Computational Camouflage Hides Things In Plain Sight

Written by Mike James

Saturday, 24 May 2014

You may have heard about the possibility of cloaking devices based on metamaterials but perhaps there is a simpler but cleverer way of merging with the background - computational camouflage.

Researchers Andrew Owens (MIT), William Freeman (MIT), Connelly Barnes (University of Virginia); Alex Flint (Flyby Media); and Hanumant Singh (Woods Hole Oceanographic Institution) have turned the usual task of image processing object detection on its head and created an algorithm that can hide objects in real 3D.

They assumed that the object to be hidden was box shaped and that they could put any image onto its surfaces in an effort to hide it. It is suggested that being able to hide a box might be useful if modern control equipment or plant had to be placed in a site of beauty or antiquity - although how a technician or engineer is expected to find the device is an interesting question.

The problem isn't easy because you can't simply place an image of what the box obscures on each surface because it can be viewed from many different angles.

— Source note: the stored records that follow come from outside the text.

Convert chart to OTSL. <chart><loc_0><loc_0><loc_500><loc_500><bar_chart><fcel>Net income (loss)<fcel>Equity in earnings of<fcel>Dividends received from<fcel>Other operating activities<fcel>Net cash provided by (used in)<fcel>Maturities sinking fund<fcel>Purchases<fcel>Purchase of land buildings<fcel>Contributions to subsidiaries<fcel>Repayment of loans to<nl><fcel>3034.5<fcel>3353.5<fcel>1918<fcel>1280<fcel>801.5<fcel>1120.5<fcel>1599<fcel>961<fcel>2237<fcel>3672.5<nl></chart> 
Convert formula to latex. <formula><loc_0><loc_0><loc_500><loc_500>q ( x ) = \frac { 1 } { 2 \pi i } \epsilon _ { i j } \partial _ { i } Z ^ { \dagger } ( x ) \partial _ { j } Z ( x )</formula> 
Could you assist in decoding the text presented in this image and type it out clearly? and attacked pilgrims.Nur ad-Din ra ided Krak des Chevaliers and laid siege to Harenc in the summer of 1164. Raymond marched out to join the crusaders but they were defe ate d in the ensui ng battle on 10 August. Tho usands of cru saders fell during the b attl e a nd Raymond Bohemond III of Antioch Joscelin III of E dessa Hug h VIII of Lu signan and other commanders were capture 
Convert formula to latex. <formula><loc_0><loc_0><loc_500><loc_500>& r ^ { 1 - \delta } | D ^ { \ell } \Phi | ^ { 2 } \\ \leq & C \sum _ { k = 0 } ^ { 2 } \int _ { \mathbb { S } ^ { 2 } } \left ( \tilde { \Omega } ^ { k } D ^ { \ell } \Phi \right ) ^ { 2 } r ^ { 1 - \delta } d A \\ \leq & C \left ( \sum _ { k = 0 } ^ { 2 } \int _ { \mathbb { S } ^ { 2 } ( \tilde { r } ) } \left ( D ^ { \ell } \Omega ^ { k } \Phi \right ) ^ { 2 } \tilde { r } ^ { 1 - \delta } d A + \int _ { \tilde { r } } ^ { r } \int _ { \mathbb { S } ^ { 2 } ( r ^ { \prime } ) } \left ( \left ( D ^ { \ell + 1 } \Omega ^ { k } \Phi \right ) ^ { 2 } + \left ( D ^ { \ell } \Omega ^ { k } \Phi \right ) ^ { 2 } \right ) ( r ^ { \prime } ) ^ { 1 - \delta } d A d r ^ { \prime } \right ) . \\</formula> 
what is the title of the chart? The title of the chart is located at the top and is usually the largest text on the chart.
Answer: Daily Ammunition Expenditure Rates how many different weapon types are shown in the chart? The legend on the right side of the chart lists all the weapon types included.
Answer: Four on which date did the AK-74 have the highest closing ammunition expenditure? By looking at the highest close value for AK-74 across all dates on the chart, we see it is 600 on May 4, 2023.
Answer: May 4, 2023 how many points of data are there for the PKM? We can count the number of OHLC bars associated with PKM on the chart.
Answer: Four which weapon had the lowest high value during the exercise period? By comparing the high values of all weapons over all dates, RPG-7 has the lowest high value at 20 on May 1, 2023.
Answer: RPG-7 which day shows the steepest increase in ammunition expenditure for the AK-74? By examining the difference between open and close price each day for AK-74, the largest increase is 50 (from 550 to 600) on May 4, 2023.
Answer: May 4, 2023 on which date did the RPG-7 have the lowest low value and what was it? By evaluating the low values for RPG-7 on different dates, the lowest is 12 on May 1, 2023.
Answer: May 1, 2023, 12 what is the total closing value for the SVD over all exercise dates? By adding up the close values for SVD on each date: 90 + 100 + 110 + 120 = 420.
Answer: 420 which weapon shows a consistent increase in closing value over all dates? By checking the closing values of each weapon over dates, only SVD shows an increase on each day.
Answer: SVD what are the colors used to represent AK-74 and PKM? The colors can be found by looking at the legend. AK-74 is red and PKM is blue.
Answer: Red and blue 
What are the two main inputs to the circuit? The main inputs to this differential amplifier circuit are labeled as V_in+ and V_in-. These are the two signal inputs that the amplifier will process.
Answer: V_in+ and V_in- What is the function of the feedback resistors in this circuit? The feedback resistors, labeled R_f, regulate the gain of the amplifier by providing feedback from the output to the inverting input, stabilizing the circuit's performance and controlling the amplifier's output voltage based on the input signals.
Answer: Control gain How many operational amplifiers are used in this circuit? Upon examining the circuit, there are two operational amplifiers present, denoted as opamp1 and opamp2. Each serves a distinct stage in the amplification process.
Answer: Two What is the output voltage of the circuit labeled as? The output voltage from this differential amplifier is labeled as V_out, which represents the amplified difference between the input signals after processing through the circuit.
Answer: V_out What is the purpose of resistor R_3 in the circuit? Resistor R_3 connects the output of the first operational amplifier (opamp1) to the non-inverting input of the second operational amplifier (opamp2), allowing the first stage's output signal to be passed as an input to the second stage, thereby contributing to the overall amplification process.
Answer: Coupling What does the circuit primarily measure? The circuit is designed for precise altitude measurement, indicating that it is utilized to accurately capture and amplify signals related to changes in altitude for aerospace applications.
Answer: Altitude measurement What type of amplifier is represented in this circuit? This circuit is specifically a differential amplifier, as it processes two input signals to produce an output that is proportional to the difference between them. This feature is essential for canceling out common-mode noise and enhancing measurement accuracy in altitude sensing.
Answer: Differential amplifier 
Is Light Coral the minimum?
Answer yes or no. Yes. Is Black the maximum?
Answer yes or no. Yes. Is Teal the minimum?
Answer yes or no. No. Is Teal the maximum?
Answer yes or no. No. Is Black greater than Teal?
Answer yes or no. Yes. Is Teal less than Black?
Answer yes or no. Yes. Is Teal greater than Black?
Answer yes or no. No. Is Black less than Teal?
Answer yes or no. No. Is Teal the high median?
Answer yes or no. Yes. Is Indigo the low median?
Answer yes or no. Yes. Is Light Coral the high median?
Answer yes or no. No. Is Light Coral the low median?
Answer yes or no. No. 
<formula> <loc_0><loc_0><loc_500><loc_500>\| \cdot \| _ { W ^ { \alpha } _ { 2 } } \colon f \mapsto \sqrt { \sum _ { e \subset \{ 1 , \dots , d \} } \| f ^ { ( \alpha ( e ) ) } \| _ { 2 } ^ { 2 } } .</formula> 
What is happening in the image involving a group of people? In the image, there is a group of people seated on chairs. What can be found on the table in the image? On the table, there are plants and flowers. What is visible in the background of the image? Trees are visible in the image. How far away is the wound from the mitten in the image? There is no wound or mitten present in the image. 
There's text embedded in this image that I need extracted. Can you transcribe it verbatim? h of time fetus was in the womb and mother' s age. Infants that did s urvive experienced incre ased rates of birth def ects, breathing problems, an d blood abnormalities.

Viewed from one position the camouflage might be a perfect match, but from another the mismatch would make the cube stand out very clearly.

You really need to vary the image on each surface according to the viewing angle, which isn't a practical solution. A first attempt at an algorithm would be to simply find averages of the images needed for a range of angles. A better algorithm would be to pick an angle and fill the visible parts of the surfaces with the correct image then move to another position and fill the newly visible parts of the surfaces that become visible with an image suitable for the new angle. You could simply pick a few random positions, but it turns out to be better to limit the image placement to angles that are less than 70 degrees to the viewpoint as this minimizes the distortion of the viewed image. You can also optimize the method by picking viewpoints that see the most surface area at such angles.

This approach ends up with a patchwork of images on the object and to minimize sudden transition effects the images are smoothed, but even so edge effects occur. It seems that we are quick to spot the cube if we can see an edge between the faces due to the different perspective effects. A possible approach is to create a set of images that are optimized for different viewing angles and for hiding the edges of the cube.

To find out what worked best, the team turned to the Mechanical Turk and paid people to look at photos and identify the camouflaged object. The best performing algorithm turned out to be a single image for each face that looked right from as many angles as possible while hiding the cubes edges.

If you want to help with the research you can try your hand and spotting hidden boxes in a camouflage game. You can also see some of the attempts at hiding boxes from different angles in the following video:

While the research is clearly successful, it doesn't quite go far enough to make the technique a practical way to hide machinery. In real life the illumination changes and this would have to be taken into account. Ultimately what is required is a box with active displays and a computer inside working out what the best computational camouflage image is required in any given illumination.

Perhaps one day soon all sorts of things will vanish from view, but not quite yet.